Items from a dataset
####

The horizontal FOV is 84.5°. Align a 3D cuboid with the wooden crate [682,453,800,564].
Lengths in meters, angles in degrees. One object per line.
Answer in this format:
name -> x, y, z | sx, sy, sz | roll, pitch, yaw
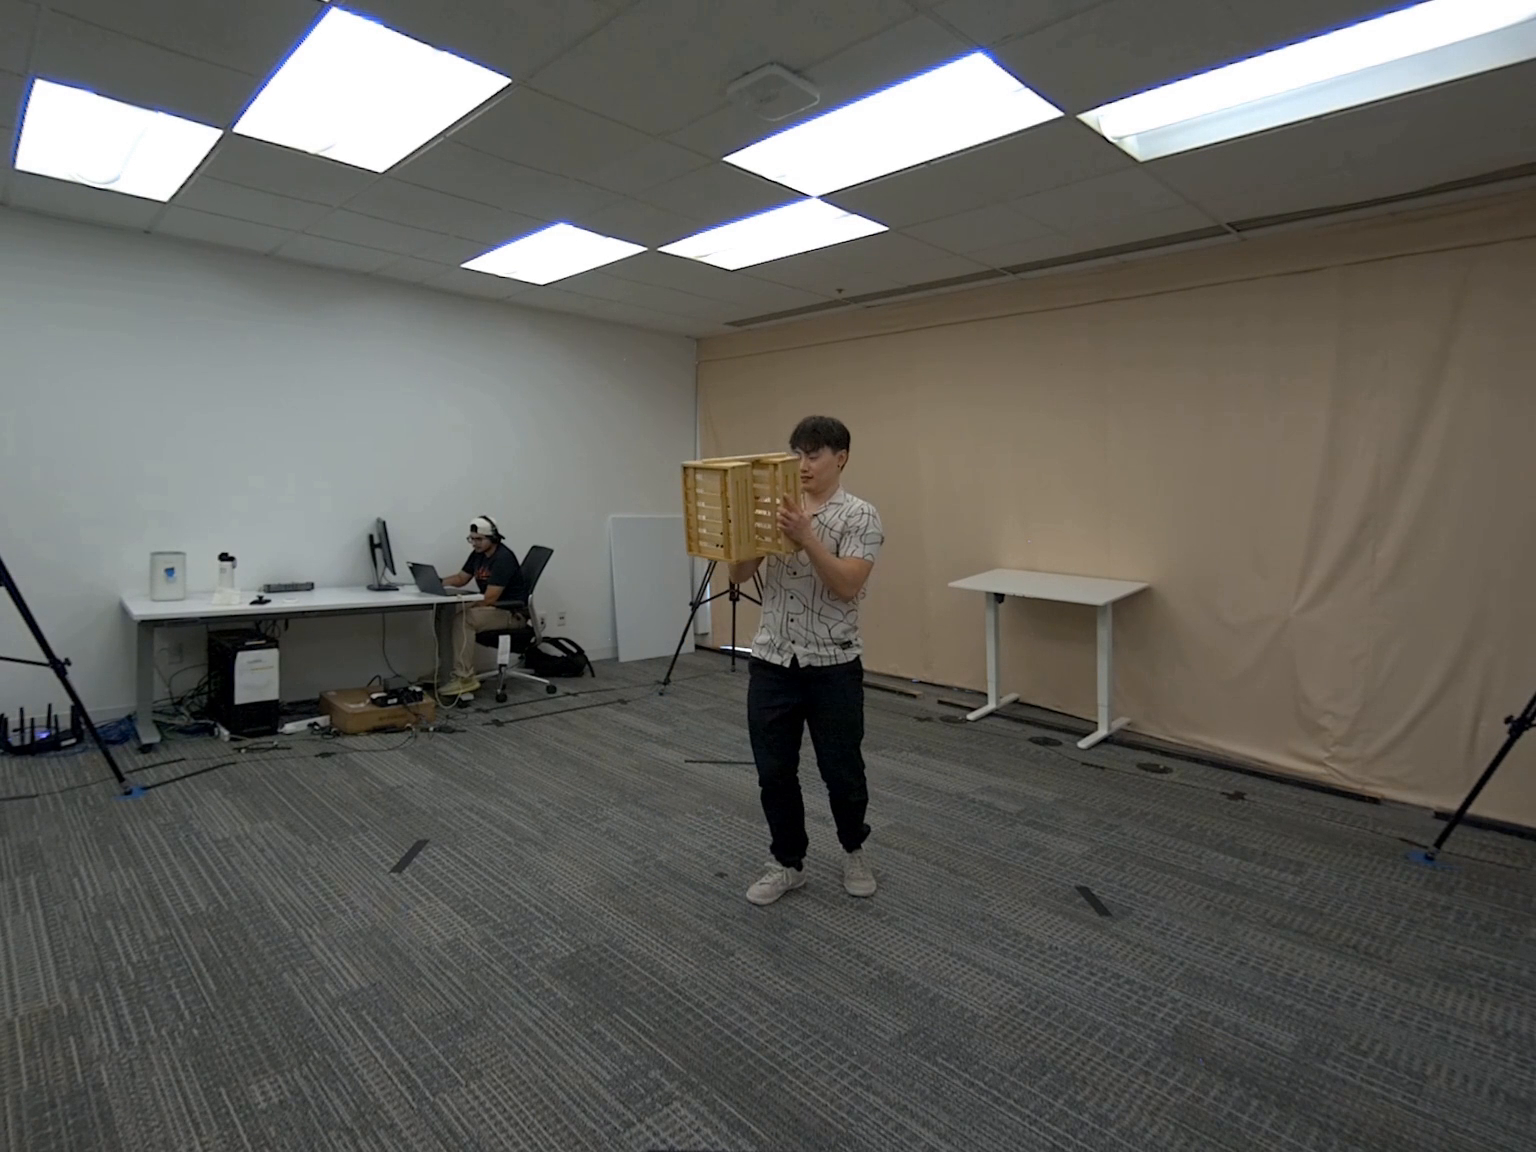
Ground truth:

####

The records above must be echoed exactly, minus their pictures.

Output for this exercise:
The horizontal FOV is 84.5°. Align a 3D cuboid with the wooden crate [682,453,800,564].
Lengths in meters, angles in degrees. One object per line.
Answer in this format:
name -> x, y, z | sx, sy, sz | roll, pitch, yaw
Ground truth:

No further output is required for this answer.